Im Englischen die allermeisten Vokale - gerade in langen Wörtern auf das sog "e-Schwa" oder das kurze "i" reduziert (Ja, ich habe nebenbei auch Englisch studiert, ich weiß also wovon ich spreche), das hat nichts mit "Nuscheln" zu tun, sondern das ist Sprachstandart. Lange Rede, kurzer Sinn: Doppel, Dreifach und gar 8 Fach Reime wirken im Englischen einfach nicht so wie im Deutschen.

Die Englische Rapszene steht auch heutzutage noch in der Tradition von Jazz, Blues, Soul und Funk. In Deutschland gibt es diese Tradition nicht.

Rap basiert auf dem Soziolekt der Afroamerikaner und auch dem der Latinos. Ausdruck über modulation ist in diesen Sprachen noch einmal wichtiger als im "normalen Englisch".

Die erste Deutsche Rapszene, die mit den Fanta 4 entstand und dann nach Hamburg überschwappte hatte eine deutlich "amerikanischere" Auffassung von Rapflow und Raptechnik, wurde aber von den Rappern der zweiten Welle, den sogenannten "Straßenrappern" nicht akzeptiert und an den Rand gedrängt.

In der Englischen Alltagssprache sind Modulation und Betonung viel wichtiger als im Deutschen. Der sogenannte "Subtext" schwingt im Deutschen auch in grammatikalischen Entscheidungen und durch sog. Modalpartikel mit. Im Englischen ist Intonation oft alles was du hast. Ein "Harter Kerl" wie Kollegah oder Azad würde im Englsichen nicht als harter Straßenrapper rüber kommen, sondern wie jemand, der sich nicht richtig traut zu sagen was Sache ist - und das bevor auch nur eine Silbe des Inhalts verstanden wurde. Das ist ein enormer kultureller Unterschied! Das soll jetzt kein Diss gegen Kollegah sein.
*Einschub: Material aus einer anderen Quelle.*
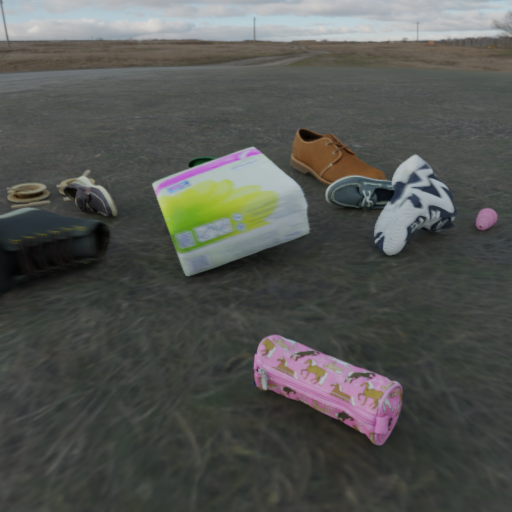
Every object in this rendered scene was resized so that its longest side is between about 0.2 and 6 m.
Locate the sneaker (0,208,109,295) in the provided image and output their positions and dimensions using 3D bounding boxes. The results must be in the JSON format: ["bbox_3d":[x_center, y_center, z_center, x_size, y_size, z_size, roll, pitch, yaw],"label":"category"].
[{"bbox_3d":[-4.007,-0.087,9.953,1.769,1.245,3.330,4,24,10],"label":"sneaker"}]

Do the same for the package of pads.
[{"bbox_3d":[-0.593,-1.049,11.629,2.643,1.167,3.422,-20,28,-7],"label":"package of pads"}]

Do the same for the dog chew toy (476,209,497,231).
[{"bbox_3d":[5.171,-0.793,12.659,0.419,0.419,0.673,17,39,33],"label":"dog chew toy"}]

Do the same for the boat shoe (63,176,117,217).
[{"bbox_3d":[-4.038,-1.354,13.558,0.680,0.755,2.100,-30,40,-26],"label":"boat shoe"}]

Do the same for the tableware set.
[{"bbox_3d":[-5.396,-1.846,14.896,2.302,0.461,1.522,-11,26,-24],"label":"tableware set"}]

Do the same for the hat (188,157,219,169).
[{"bbox_3d":[-1.229,-1.710,14.993,1.422,1.512,1.717,2,-13,18],"label":"hat"}]

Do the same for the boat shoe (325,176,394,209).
[{"bbox_3d":[2.787,-1.526,13.806,2.143,0.780,0.662,-2,20,-17],"label":"boat shoe"}]

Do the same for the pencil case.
[{"bbox_3d":[0.846,1.587,6.829,1.868,0.773,0.808,17,53,32],"label":"pencil case"}]

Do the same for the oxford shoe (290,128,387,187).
[{"bbox_3d":[2.244,-2.736,15.832,1.234,1.233,3.459,-26,42,-34],"label":"oxford shoe"}]

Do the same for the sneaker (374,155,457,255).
[{"bbox_3d":[3.535,-0.778,11.866,1.620,0.993,2.489,32,53,-14],"label":"sneaker"}]

Sei Rap passt ja zur Deutschen Kultur - nur was wir hier als "präzise", "abgezockt" und "hart" wahrnehmen wird in der englischen Sprache als "unsicher" und "weich" wahrgenommen.

Wenn du jetzt also auf Englisch rappen wills,

musst du in erster Linie sehr gut Englisch sprechen können und ein Gefühl dafür haben, wie diese Sprache Emotionen jenseits der lexikalischen Ebene transportiert.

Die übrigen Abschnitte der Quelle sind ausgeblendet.